** Data shown **
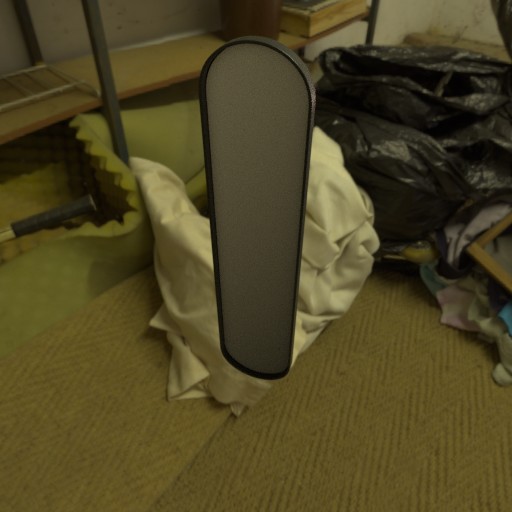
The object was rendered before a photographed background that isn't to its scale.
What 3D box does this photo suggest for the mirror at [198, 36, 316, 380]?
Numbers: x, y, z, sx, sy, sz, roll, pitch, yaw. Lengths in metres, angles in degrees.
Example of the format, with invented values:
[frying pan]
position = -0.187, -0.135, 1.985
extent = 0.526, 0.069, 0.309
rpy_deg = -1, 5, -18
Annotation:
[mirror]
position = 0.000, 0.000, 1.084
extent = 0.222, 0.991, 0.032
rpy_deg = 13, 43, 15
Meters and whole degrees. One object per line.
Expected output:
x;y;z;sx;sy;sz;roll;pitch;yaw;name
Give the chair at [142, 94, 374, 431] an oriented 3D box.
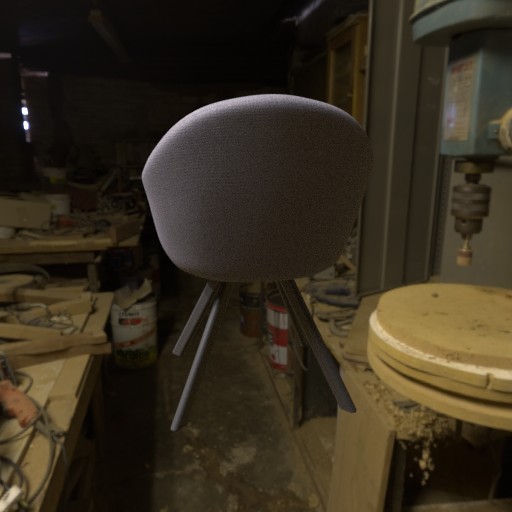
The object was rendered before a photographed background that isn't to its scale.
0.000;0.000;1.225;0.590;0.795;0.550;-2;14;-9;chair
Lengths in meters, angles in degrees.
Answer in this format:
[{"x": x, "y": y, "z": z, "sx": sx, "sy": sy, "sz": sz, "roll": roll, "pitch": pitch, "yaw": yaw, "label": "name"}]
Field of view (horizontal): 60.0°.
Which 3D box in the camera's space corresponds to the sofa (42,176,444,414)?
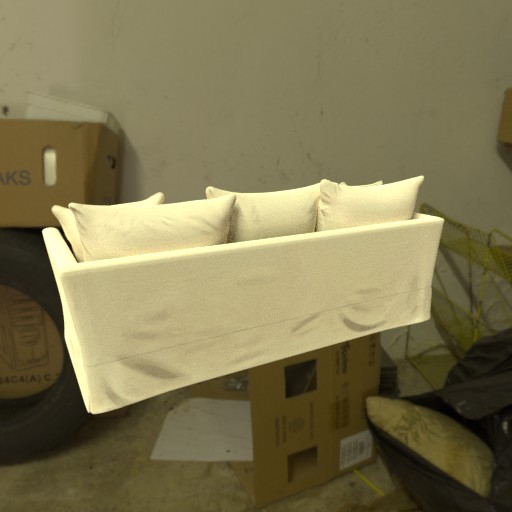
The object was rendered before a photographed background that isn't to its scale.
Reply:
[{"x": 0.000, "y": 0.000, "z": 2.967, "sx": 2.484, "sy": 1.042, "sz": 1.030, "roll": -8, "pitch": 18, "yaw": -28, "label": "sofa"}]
--
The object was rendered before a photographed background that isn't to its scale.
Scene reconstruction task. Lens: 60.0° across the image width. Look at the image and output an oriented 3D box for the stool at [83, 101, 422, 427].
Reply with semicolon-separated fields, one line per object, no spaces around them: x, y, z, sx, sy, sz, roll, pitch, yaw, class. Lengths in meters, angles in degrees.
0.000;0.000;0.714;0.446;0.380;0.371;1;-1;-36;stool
...
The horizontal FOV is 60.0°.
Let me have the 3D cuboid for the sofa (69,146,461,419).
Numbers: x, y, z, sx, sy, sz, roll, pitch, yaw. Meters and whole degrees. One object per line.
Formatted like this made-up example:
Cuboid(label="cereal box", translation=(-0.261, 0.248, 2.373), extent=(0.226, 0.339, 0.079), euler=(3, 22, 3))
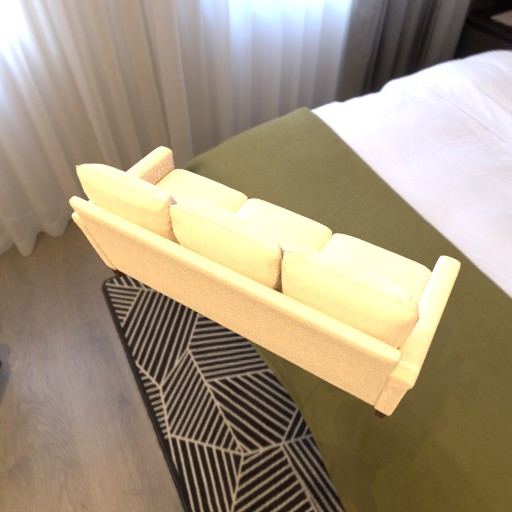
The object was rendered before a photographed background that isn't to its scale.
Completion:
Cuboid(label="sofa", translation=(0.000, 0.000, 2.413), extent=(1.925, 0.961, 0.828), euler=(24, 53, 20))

** Brief **
An exact copy of the lines above from the one with "x;y;z;sx;sy;sz;roll;pitch;yaw;name" up to and including the one with "Field of view (horizontal): 60.0°." is required; reproduce only those lines, omitting all pictures.

** Answer box **
x;y;z;sx;sy;sz;roll;pitch;yaw;name
Give the chair at [142, 94, 374, 431] an oriented 3D box.
The object was rendered before a photographed background that isn't to its scale.
0.000;0.000;1.225;0.590;0.795;0.550;-2;14;-9;chair
Lengths in meters, angles in degrees.
Answer in this format:
[{"x": x, "y": y, "z": z, "sx": sx, "sy": sy, "sz": sz, "roll": roll, "pitch": pitch, "yaw": yaw, "label": "name"}]
Field of view (horizontal): 60.0°.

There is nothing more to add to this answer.